Matthew 23 is precisely what this post is all about. I won’t post the entire chapter here, but I have included the video from the film “Jesus of Nazareth” below that illustrates that particular chapter of Matthew quite well. As the scriptures tell us, Jesus raised a man from the dead…RAISED A MAN FROM THE DEAD…in the presence of many people, and upon entering Jerusalem, instead of entering triumphantly on a majestic steed, he rode on the foal of an ass…he rode a humble and small donkey. The historical significance of this cannot be understated. In those days, Caesar was “god” and the Roman Empire was THE empire. There was no other king or god but Caesar, who was believed to be the “son of the gods” by the Romans. When Caesar came, there was a great entrance, with majestic steeds and chariots and fanfare…this was the Emperor himself…the “god” whom all must bow down to or be killed! When the real and true God actually enters, he rides in on the child of an ass…not even the ass itself…and people wave and lay palm branches at His feet. It was pure mockery of the empire, dangerous or bold, however you count it, but it showed the humility and humor of the true King.

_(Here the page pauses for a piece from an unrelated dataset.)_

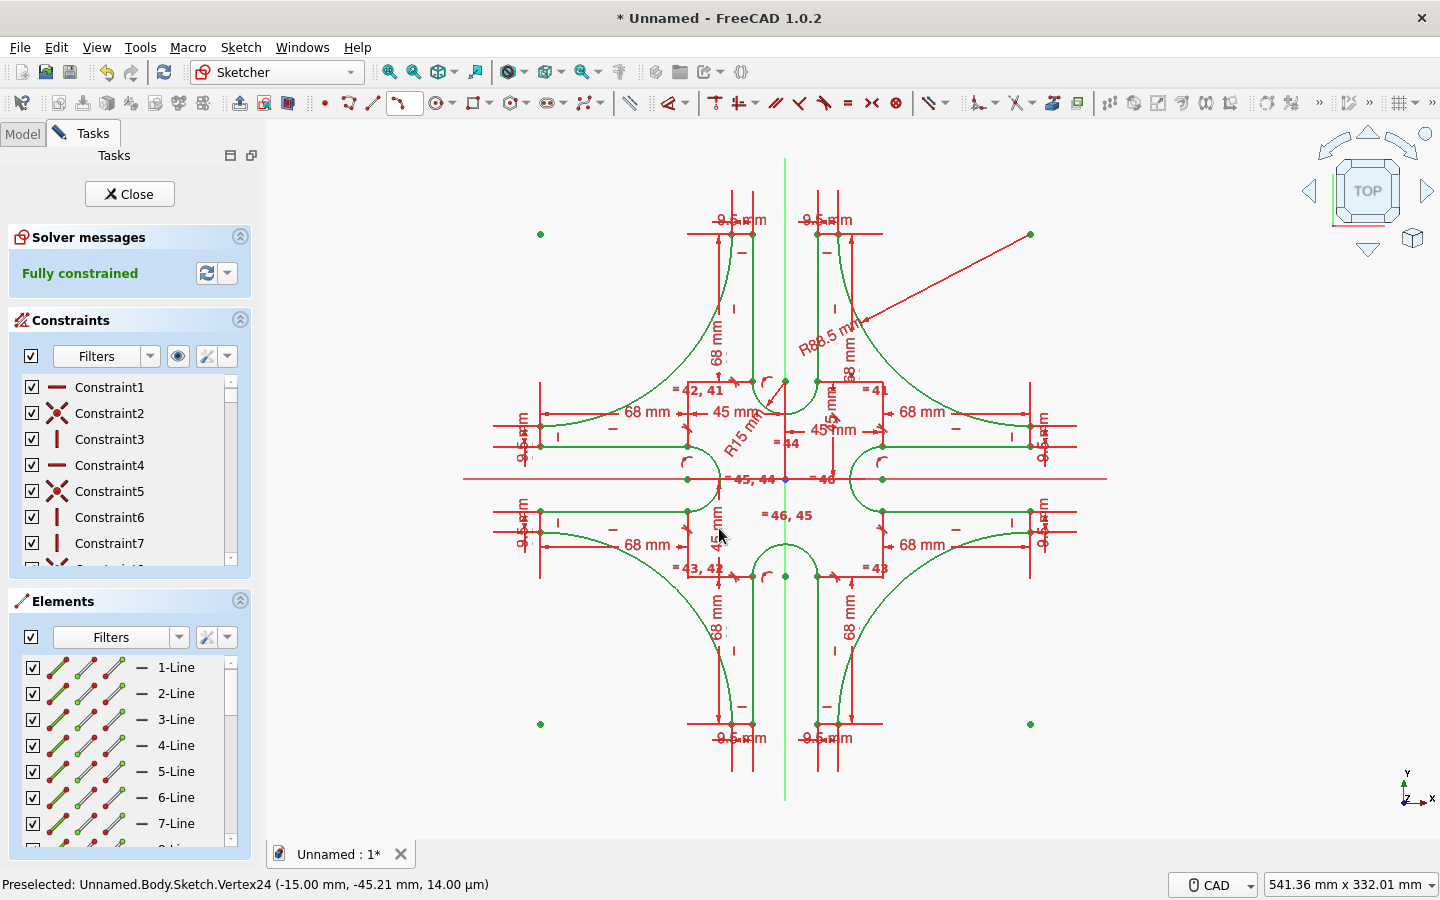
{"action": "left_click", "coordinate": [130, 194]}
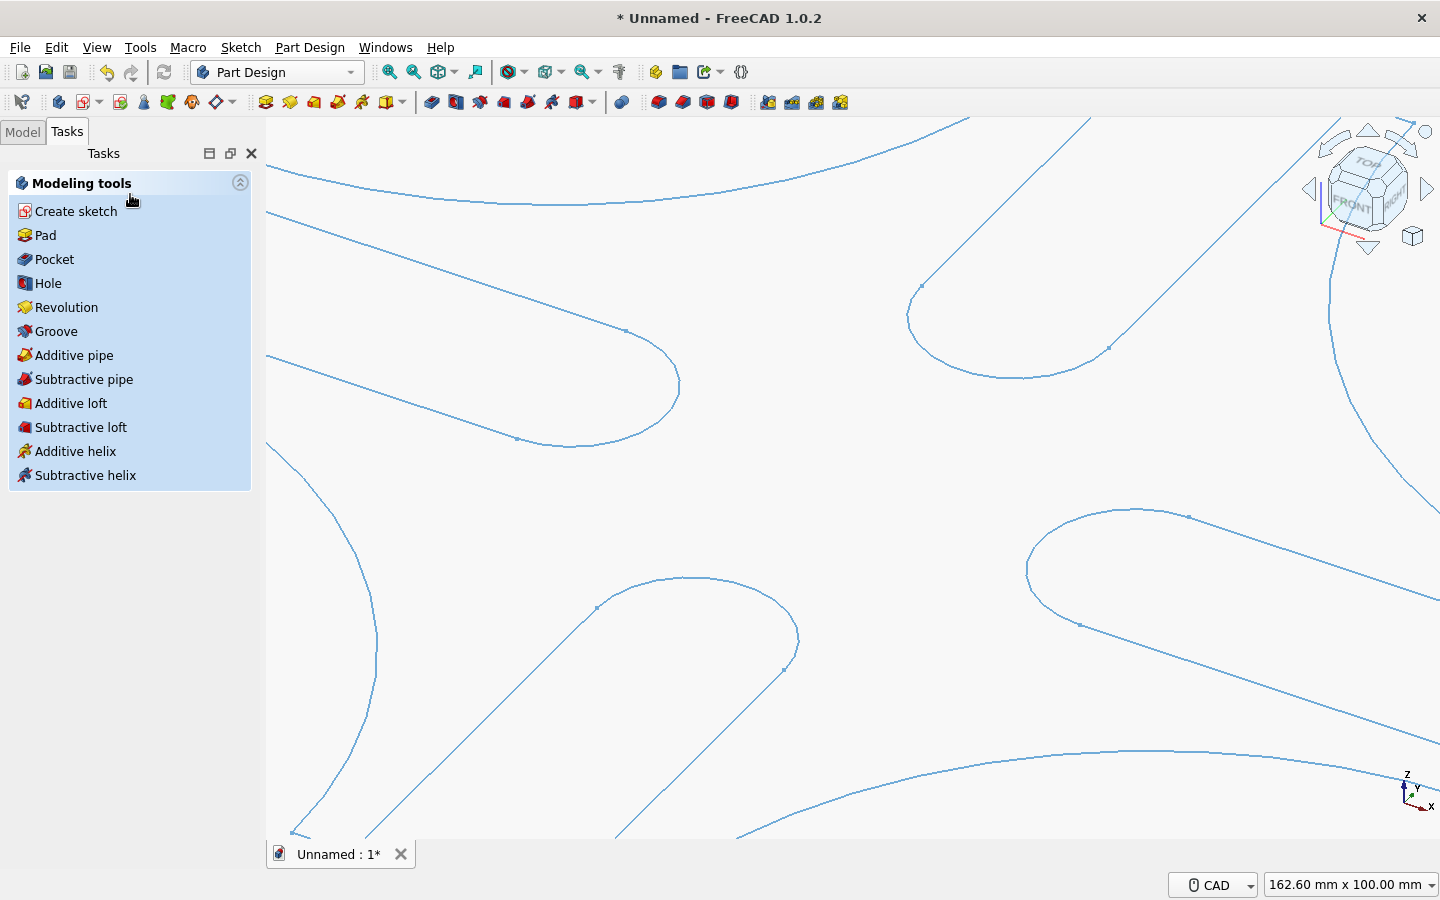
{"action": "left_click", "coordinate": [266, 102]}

Of course, despite the pep rally that Jesus received, many of the same people who proclaimed “Hosanna!” also called for his crucifixion not much later when he said things they did not like, such as,
“Woe to you, Scribes & Pharisees, hypocrites all!” or “Do not place treasures for yourselves on the earth, where moths and corrosion disfigure and where thieves break in and steal. But place treasures for yourselves in Heaven, where neither moths nor corrosion disfigure and where thieves neither break in nor steal. For where your treasure is, there is your heart also...” – Matthew 23:13-14 & 6:19-21
Humans are fickle it would seem, and so is life itself. It is fleeting and fading and is gone in a flash. We are but asses and dust, storing up treasures for moth and rust to destroy. Perhaps we all should be listening to the words of the man we claim to be our Savior, and store up treasures in Heaven instead…and the only way to do that, at least by His command, is to love everyone as much as you love yourself and leave the judging to God. If your treasure is in feeling safe and secure and a part of the religious elite here and now, then your heart will be there also, and it can’t help but be corrupted by those things. If, however, your treasure is in a world that surpasses pain and labels and the feeling of superiority over one another, and rejoices in love and mercy, then you will already see that it is something worth working towards here and now, and you need no more faith than the tiniest bit contained in the mustard seed to see that “Thy Kingdom come, Thy Will be done, on earth as it is in heaven” is already possible if you yourself start to make it so yourself. What say you? Will you be asses and dust trusting in moth and rust, or will you choose the Cross and crucify your own self-righteousness to truly become the answer to the prayers others pray; for mercy, for justice, for peace, for faith, and above all for friendship and for love?